▸ Task objective
All lines of the listing below must be reproduced character for character.

▸ Dataset excerpts
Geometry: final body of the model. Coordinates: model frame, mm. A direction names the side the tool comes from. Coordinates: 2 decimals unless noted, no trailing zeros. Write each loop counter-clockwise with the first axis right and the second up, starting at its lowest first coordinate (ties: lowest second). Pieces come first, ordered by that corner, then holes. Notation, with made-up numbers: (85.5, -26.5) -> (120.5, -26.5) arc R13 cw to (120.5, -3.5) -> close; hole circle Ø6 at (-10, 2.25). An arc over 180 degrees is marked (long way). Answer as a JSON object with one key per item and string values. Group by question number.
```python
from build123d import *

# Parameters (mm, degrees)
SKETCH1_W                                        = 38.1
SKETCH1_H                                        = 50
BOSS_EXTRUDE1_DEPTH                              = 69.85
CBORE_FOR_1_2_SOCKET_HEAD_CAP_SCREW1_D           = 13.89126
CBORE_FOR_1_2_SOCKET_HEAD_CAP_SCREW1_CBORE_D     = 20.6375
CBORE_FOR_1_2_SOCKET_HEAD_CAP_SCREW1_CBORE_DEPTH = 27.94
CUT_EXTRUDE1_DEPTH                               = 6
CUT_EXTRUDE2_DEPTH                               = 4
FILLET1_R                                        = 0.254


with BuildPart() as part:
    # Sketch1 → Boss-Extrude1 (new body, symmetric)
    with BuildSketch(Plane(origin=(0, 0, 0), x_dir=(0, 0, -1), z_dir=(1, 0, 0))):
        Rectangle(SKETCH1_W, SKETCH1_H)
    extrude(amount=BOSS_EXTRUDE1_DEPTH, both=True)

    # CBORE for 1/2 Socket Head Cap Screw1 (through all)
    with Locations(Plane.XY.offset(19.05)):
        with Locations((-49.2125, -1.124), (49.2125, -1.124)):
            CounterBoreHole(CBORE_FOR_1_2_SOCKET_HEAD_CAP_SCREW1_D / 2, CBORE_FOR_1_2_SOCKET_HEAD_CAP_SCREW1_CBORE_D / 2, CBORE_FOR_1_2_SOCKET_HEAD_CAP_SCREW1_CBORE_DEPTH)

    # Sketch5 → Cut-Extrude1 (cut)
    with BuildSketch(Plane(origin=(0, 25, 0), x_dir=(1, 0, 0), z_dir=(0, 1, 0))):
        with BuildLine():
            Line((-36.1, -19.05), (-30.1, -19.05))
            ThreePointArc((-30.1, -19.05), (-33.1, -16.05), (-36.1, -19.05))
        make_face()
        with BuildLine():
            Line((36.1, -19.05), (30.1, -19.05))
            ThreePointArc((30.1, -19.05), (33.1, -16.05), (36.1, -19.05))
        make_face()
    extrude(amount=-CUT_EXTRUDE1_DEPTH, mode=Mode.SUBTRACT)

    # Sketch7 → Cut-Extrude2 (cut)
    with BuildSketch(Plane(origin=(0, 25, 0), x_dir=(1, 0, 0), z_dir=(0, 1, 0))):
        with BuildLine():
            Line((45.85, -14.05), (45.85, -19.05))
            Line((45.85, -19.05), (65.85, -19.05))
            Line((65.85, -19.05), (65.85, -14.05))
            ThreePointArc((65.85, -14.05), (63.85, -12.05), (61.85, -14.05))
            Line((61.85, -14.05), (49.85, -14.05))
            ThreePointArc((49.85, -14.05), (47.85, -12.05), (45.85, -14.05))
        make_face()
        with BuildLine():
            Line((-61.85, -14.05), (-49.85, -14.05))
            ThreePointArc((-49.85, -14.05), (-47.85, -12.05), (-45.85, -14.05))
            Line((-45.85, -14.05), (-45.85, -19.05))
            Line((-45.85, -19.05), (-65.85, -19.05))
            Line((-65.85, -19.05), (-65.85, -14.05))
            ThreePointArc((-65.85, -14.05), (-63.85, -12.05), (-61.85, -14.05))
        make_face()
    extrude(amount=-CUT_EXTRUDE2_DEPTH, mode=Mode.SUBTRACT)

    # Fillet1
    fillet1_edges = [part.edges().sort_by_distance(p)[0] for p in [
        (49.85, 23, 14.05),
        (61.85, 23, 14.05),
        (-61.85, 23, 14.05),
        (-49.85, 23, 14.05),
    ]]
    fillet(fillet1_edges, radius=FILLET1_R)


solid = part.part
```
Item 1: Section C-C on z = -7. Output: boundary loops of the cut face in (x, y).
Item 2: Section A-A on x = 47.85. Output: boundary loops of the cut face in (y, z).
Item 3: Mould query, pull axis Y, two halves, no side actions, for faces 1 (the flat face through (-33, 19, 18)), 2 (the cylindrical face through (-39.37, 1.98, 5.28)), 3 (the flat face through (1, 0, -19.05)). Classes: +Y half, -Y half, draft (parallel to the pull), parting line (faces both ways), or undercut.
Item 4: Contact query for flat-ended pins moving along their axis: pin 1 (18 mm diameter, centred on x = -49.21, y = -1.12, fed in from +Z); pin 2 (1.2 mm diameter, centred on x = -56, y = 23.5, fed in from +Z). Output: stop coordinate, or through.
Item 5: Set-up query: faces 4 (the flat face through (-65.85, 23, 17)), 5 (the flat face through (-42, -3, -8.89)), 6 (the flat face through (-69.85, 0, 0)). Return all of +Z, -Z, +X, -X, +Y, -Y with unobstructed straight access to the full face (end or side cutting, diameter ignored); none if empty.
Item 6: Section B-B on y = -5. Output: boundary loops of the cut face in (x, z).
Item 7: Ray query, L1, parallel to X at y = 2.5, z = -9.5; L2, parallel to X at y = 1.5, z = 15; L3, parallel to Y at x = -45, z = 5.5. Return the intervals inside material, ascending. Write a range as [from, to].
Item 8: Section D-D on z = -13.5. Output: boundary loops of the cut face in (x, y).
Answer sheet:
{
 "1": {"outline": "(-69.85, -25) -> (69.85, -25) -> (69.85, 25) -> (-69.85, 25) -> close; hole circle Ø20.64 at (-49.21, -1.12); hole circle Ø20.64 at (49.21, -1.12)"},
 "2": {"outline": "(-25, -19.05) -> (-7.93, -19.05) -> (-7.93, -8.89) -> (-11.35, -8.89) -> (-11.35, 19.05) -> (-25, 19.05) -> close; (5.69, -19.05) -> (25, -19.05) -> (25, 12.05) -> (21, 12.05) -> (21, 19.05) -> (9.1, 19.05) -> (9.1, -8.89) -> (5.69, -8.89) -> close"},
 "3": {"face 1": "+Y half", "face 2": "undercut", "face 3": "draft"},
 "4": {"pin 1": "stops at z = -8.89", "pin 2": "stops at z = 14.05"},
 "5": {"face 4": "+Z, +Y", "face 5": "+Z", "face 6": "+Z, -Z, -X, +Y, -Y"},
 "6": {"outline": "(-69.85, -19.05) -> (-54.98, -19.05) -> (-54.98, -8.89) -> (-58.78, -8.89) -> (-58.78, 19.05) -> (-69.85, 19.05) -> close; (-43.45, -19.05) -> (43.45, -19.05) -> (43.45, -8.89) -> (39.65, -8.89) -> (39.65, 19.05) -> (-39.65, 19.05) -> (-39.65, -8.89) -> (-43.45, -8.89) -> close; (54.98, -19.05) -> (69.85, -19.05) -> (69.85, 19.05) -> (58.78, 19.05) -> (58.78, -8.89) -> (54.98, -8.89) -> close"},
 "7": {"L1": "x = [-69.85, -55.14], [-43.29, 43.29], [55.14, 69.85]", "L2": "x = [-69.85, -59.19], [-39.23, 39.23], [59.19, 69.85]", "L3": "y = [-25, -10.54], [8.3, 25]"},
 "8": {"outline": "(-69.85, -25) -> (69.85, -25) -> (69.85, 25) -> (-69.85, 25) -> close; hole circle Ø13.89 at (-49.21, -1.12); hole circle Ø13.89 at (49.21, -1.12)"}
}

▸ Written solution
Geometry: final body of the model. Coordinates: model frame, mm. A direction names the side the tool comes from. Coordinates: 2 decimals unless noted, no trailing zeros. Write each loop counter-clockwise with the first axis right and the second up, starting at its lowest first coordinate (ties: lowest second). Pieces come first, ordered by that corner, then holes. Notation, with made-up numbers: (85.5, -26.5) -> (120.5, -26.5) arc R13 cw to (120.5, -3.5) -> close; hole circle Ø6 at (-10, 2.25). An arc over 180 degrees is marked (long way). Answer as a JSON object with one key per item and string values. Group by question number.
```python
from build123d import *

# Parameters (mm, degrees)
SKETCH1_W                                        = 38.1
SKETCH1_H                                        = 50
BOSS_EXTRUDE1_DEPTH                              = 69.85
CBORE_FOR_1_2_SOCKET_HEAD_CAP_SCREW1_D           = 13.89126
CBORE_FOR_1_2_SOCKET_HEAD_CAP_SCREW1_CBORE_D     = 20.6375
CBORE_FOR_1_2_SOCKET_HEAD_CAP_SCREW1_CBORE_DEPTH = 27.94
CUT_EXTRUDE1_DEPTH                               = 6
CUT_EXTRUDE2_DEPTH                               = 4
FILLET1_R                                        = 0.254


with BuildPart() as part:
    # Sketch1 → Boss-Extrude1 (new body, symmetric)
    with BuildSketch(Plane(origin=(0, 0, 0), x_dir=(0, 0, -1), z_dir=(1, 0, 0))):
        Rectangle(SKETCH1_W, SKETCH1_H)
    extrude(amount=BOSS_EXTRUDE1_DEPTH, both=True)

    # CBORE for 1/2 Socket Head Cap Screw1 (through all)
    with Locations(Plane.XY.offset(19.05)):
        with Locations((-49.2125, -1.124), (49.2125, -1.124)):
            CounterBoreHole(CBORE_FOR_1_2_SOCKET_HEAD_CAP_SCREW1_D / 2, CBORE_FOR_1_2_SOCKET_HEAD_CAP_SCREW1_CBORE_D / 2, CBORE_FOR_1_2_SOCKET_HEAD_CAP_SCREW1_CBORE_DEPTH)

    # Sketch5 → Cut-Extrude1 (cut)
    with BuildSketch(Plane(origin=(0, 25, 0), x_dir=(1, 0, 0), z_dir=(0, 1, 0))):
        with BuildLine():
            Line((-36.1, -19.05), (-30.1, -19.05))
            ThreePointArc((-30.1, -19.05), (-33.1, -16.05), (-36.1, -19.05))
        make_face()
        with BuildLine():
            Line((36.1, -19.05), (30.1, -19.05))
            ThreePointArc((30.1, -19.05), (33.1, -16.05), (36.1, -19.05))
        make_face()
    extrude(amount=-CUT_EXTRUDE1_DEPTH, mode=Mode.SUBTRACT)

    # Sketch7 → Cut-Extrude2 (cut)
    with BuildSketch(Plane(origin=(0, 25, 0), x_dir=(1, 0, 0), z_dir=(0, 1, 0))):
        with BuildLine():
            Line((45.85, -14.05), (45.85, -19.05))
            Line((45.85, -19.05), (65.85, -19.05))
            Line((65.85, -19.05), (65.85, -14.05))
            ThreePointArc((65.85, -14.05), (63.85, -12.05), (61.85, -14.05))
            Line((61.85, -14.05), (49.85, -14.05))
            ThreePointArc((49.85, -14.05), (47.85, -12.05), (45.85, -14.05))
        make_face()
        with BuildLine():
            Line((-61.85, -14.05), (-49.85, -14.05))
            ThreePointArc((-49.85, -14.05), (-47.85, -12.05), (-45.85, -14.05))
            Line((-45.85, -14.05), (-45.85, -19.05))
            Line((-45.85, -19.05), (-65.85, -19.05))
            Line((-65.85, -19.05), (-65.85, -14.05))
            ThreePointArc((-65.85, -14.05), (-63.85, -12.05), (-61.85, -14.05))
        make_face()
    extrude(amount=-CUT_EXTRUDE2_DEPTH, mode=Mode.SUBTRACT)

    # Fillet1
    fillet1_edges = [part.edges().sort_by_distance(p)[0] for p in [
        (49.85, 23, 14.05),
        (61.85, 23, 14.05),
        (-61.85, 23, 14.05),
        (-49.85, 23, 14.05),
    ]]
    fillet(fillet1_edges, radius=FILLET1_R)


solid = part.part
```
Item 1: Section C-C on z = -7. Output: boundary loops of the cut face in (x, y).
Item 2: Section A-A on x = 47.85. Output: boundary loops of the cut face in (y, z).
Item 3: Mould query, pull axis Y, two halves, no side actions, for faces 1 (the flat face through (-33, 19, 18)), 2 (the cylindrical face through (-39.37, 1.98, 5.28)), 3 (the flat face through (1, 0, -19.05)). Classes: +Y half, -Y half, draft (parallel to the pull), parting line (faces both ways), or undercut.
Item 4: Contact query for flat-ended pins moving along their axis: pin 1 (18 mm diameter, centred on x = -49.21, y = -1.12, fed in from +Z); pin 2 (1.2 mm diameter, centred on x = -56, y = 23.5, fed in from +Z). Output: stop coordinate, or through.
Item 5: Set-up query: faces 4 (the flat face through (-65.85, 23, 17)), 5 (the flat face through (-42, -3, -8.89)), 6 (the flat face through (-69.85, 0, 0)). Return all of +Z, -Z, +X, -X, +Y, -Y with unobstructed straight access to the full face (end or side cutting, diameter ignored); none if empty.
Item 6: Section B-B on y = -5. Output: boundary loops of the cut face in (x, z).
Item 7: Ray query, L1, parallel to X at y = 2.5, z = -9.5; L2, parallel to X at y = 1.5, z = 15; L3, parallel to Y at x = -45, z = 5.5. Return the intervals inside material, ascending. Write a range as [from, to].
Item 8: Section D-D on z = -13.5. Output: boundary loops of the cut face in (x, y).
Answer sheet:
{
 "1": {"outline": "(-69.85, -25) -> (69.85, -25) -> (69.85, 25) -> (-69.85, 25) -> close; hole circle Ø20.64 at (-49.21, -1.12); hole circle Ø20.64 at (49.21, -1.12)"},
 "2": {"outline": "(-25, -19.05) -> (-7.93, -19.05) -> (-7.93, -8.89) -> (-11.35, -8.89) -> (-11.35, 19.05) -> (-25, 19.05) -> close; (5.69, -19.05) -> (25, -19.05) -> (25, 12.05) -> (21, 12.05) -> (21, 19.05) -> (9.1, 19.05) -> (9.1, -8.89) -> (5.69, -8.89) -> close"},
 "3": {"face 1": "+Y half", "face 2": "undercut", "face 3": "draft"},
 "4": {"pin 1": "stops at z = -8.89", "pin 2": "stops at z = 14.05"},
 "5": {"face 4": "+Z, +Y", "face 5": "+Z", "face 6": "+Z, -Z, -X, +Y, -Y"},
 "6": {"outline": "(-69.85, -19.05) -> (-54.98, -19.05) -> (-54.98, -8.89) -> (-58.78, -8.89) -> (-58.78, 19.05) -> (-69.85, 19.05) -> close; (-43.45, -19.05) -> (43.45, -19.05) -> (43.45, -8.89) -> (39.65, -8.89) -> (39.65, 19.05) -> (-39.65, 19.05) -> (-39.65, -8.89) -> (-43.45, -8.89) -> close; (54.98, -19.05) -> (69.85, -19.05) -> (69.85, 19.05) -> (58.78, 19.05) -> (58.78, -8.89) -> (54.98, -8.89) -> close"},
 "7": {"L1": "x = [-69.85, -55.14], [-43.29, 43.29], [55.14, 69.85]", "L2": "x = [-69.85, -59.19], [-39.23, 39.23], [59.19, 69.85]", "L3": "y = [-25, -10.54], [8.3, 25]"},
 "8": {"outline": "(-69.85, -25) -> (69.85, -25) -> (69.85, 25) -> (-69.85, 25) -> close; hole circle Ø13.89 at (-49.21, -1.12); hole circle Ø13.89 at (49.21, -1.12)"}
}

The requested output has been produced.